---------- RECORDS ----------

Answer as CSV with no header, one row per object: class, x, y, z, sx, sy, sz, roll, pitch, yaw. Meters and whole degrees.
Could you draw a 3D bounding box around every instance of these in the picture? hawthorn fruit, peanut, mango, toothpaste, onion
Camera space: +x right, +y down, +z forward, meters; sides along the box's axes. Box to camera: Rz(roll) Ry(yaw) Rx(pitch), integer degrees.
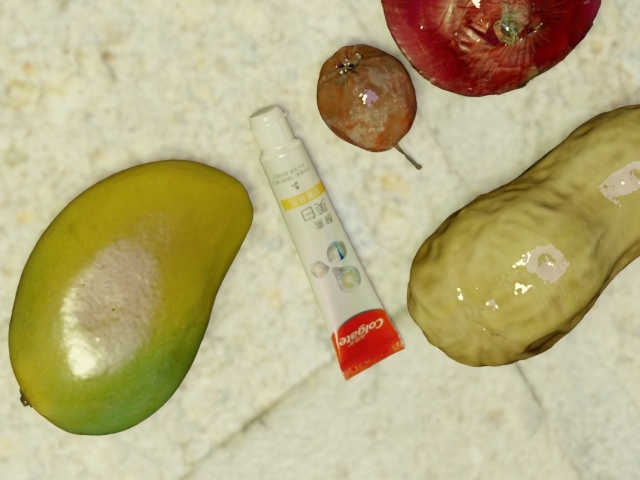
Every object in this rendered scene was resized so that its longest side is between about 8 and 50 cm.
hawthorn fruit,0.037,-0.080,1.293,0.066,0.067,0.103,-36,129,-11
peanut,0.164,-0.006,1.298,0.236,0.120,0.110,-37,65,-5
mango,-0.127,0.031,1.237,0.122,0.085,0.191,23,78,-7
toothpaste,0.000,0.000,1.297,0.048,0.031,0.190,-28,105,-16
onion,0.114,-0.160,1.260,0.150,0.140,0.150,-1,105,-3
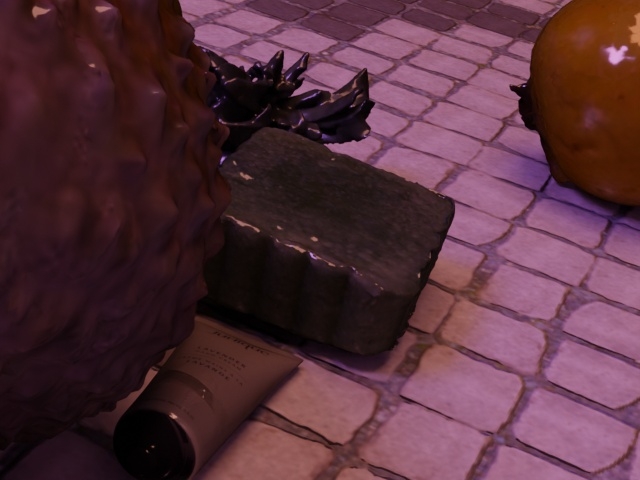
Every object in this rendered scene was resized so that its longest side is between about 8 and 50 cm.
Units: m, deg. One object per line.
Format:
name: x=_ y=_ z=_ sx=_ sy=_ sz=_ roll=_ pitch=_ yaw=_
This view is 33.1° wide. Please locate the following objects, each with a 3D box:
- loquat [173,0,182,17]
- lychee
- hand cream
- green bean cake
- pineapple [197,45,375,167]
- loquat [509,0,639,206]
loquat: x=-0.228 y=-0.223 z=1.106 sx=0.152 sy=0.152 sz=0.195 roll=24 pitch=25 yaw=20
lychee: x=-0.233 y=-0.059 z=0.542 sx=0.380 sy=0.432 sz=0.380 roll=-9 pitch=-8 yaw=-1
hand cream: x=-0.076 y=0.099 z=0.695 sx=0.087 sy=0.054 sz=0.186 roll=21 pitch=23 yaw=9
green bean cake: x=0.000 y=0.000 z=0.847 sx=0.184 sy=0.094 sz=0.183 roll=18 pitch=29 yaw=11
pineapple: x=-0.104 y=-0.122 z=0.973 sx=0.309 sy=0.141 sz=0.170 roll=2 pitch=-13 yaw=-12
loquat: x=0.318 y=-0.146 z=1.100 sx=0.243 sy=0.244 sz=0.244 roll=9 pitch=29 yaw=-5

----------
---------- RECORDS ----------

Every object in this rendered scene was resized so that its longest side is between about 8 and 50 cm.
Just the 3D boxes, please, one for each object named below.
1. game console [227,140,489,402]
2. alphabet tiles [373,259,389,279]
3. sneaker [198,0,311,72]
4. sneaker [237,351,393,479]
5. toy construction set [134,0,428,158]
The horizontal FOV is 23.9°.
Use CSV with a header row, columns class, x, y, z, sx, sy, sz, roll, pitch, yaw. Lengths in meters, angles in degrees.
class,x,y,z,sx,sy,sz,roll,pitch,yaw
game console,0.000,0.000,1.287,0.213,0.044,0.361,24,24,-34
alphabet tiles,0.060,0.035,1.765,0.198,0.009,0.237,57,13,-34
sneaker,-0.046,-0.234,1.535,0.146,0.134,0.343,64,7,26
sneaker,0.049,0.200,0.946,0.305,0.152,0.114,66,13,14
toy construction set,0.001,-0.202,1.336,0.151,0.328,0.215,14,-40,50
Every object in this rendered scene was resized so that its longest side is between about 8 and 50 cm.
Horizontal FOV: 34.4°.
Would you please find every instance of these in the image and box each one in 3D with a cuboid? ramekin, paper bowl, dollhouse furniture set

----------

## ASSIGNMENT
In the listing above, locate the line with "4. sneaker [237,351,393,479]" and the line with "Would you please", then extract exactly those lines and every line between them, and nothing more.

## SOLUTION
4. sneaker [237,351,393,479]
5. toy construction set [134,0,428,158]
The horizontal FOV is 23.9°.
Use CSV with a header row, columns class, x, y, z, sx, sy, sz, roll, pitch, yaw. Lengths in meters, angles in degrees.
class,x,y,z,sx,sy,sz,roll,pitch,yaw
game console,0.000,0.000,1.287,0.213,0.044,0.361,24,24,-34
alphabet tiles,0.060,0.035,1.765,0.198,0.009,0.237,57,13,-34
sneaker,-0.046,-0.234,1.535,0.146,0.134,0.343,64,7,26
sneaker,0.049,0.200,0.946,0.305,0.152,0.114,66,13,14
toy construction set,0.001,-0.202,1.336,0.151,0.328,0.215,14,-40,50
Every object in this rendered scene was resized so that its longest side is between about 8 and 50 cm.
Horizontal FOV: 34.4°.
Would you please find every instance of these in the image and box each one in 3D with a cuboid? ramekin, paper bowl, dollhouse furniture set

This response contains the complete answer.